• **EXERCISE AIM**
Reproduce verbatim the line containing "Units: m, deg. One object per line." and every line that follows it through the end of the entries below, omitting all pictures.

• **SUPPLIED MATERIAL**
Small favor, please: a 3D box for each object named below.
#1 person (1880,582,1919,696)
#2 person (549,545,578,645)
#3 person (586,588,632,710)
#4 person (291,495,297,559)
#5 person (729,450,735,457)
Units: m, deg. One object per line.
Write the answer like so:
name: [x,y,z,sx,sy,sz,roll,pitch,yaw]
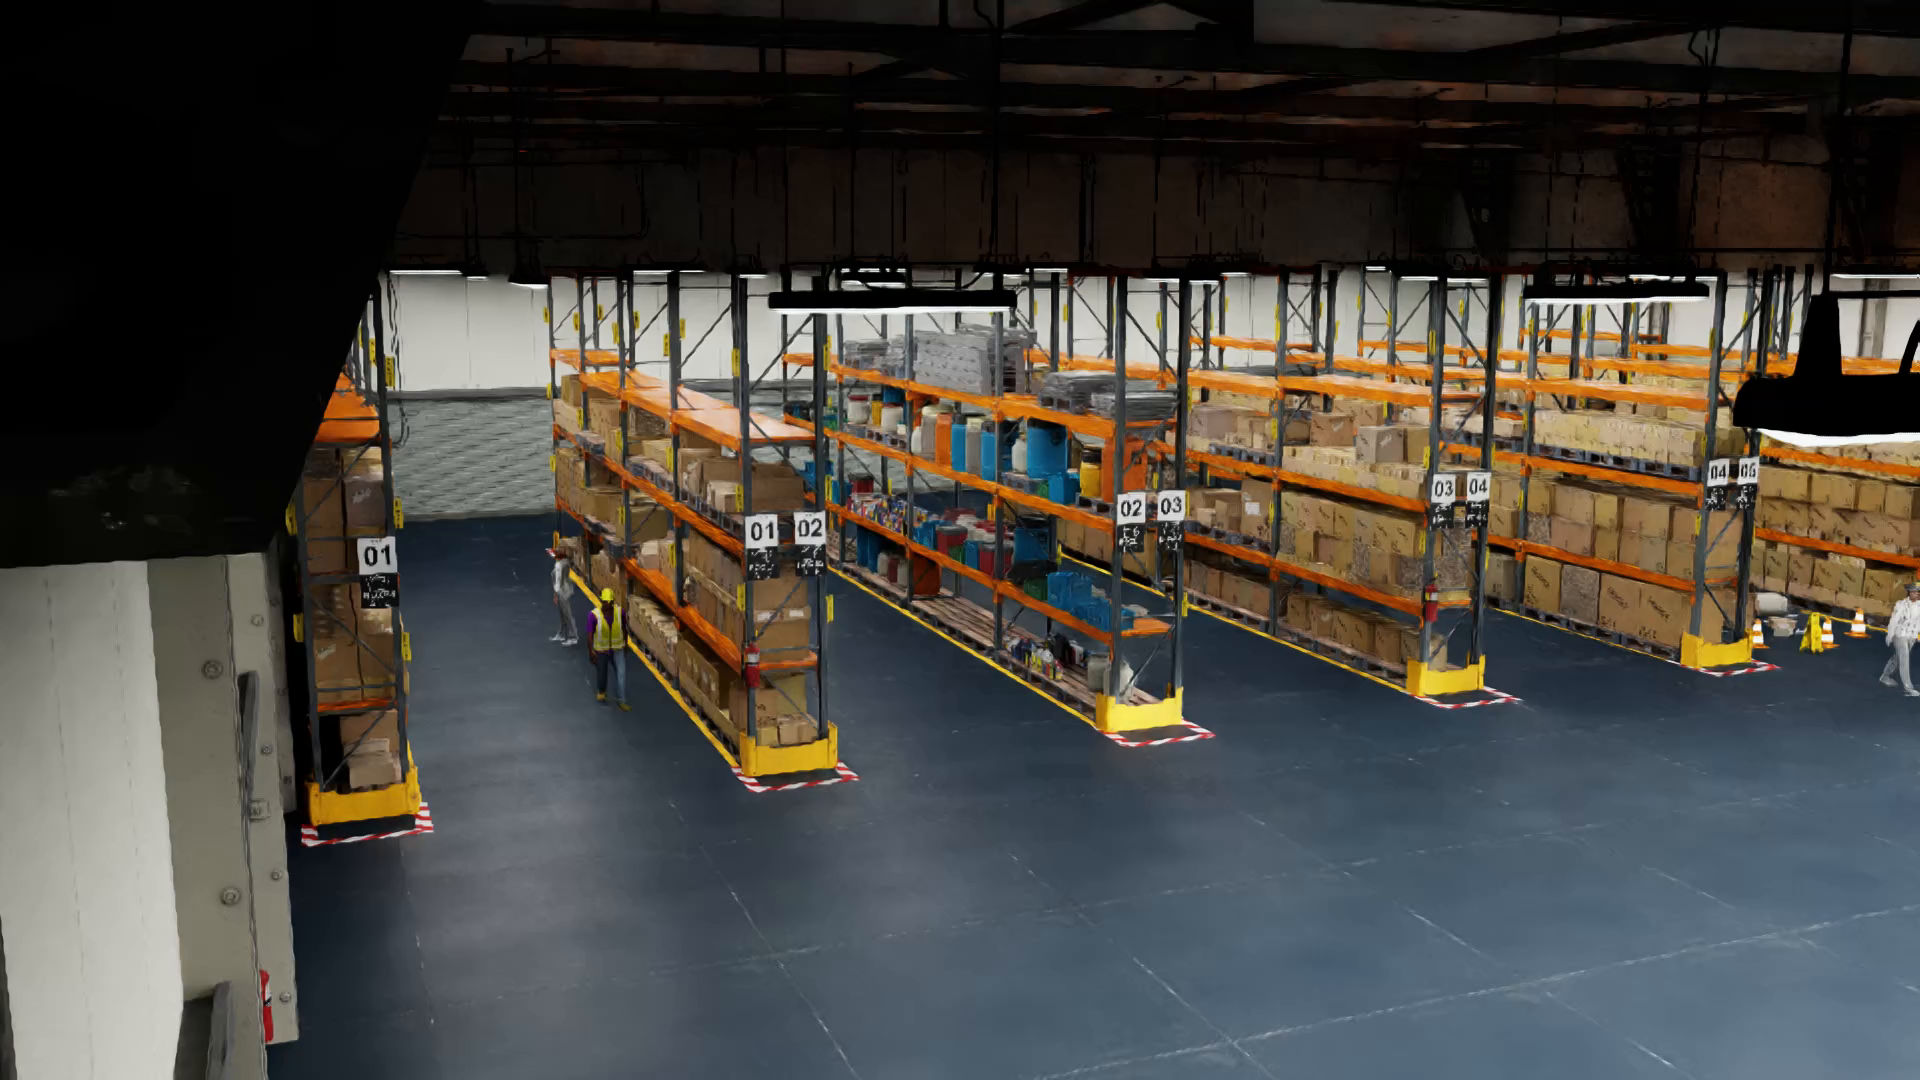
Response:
person: [13.658,1.383,23.945,0.481,1.621,0.997,-2,10,-12]
person: [-6.458,0.873,26.969,0.536,1.590,0.534,1,10,3]
person: [-4.900,1.493,23.153,0.577,1.691,1.121,-3,10,-19]
person: [-13.661,-0.442,34.451,0.502,1.653,0.515,2,10,9]
person: [-5.353,-1.192,38.395,0.529,1.759,0.742,5,11,28]

• **TASK RESPONSE**
Units: m, deg. One object per line.
Write the answer like so:
name: [x,y,z,sx,sy,sz,roll,pitch,yaw]
Response:
person: [13.658,1.383,23.945,0.481,1.621,0.997,-2,10,-12]
person: [-6.458,0.873,26.969,0.536,1.590,0.534,1,10,3]
person: [-4.900,1.493,23.153,0.577,1.691,1.121,-3,10,-19]
person: [-13.661,-0.442,34.451,0.502,1.653,0.515,2,10,9]
person: [-5.353,-1.192,38.395,0.529,1.759,0.742,5,11,28]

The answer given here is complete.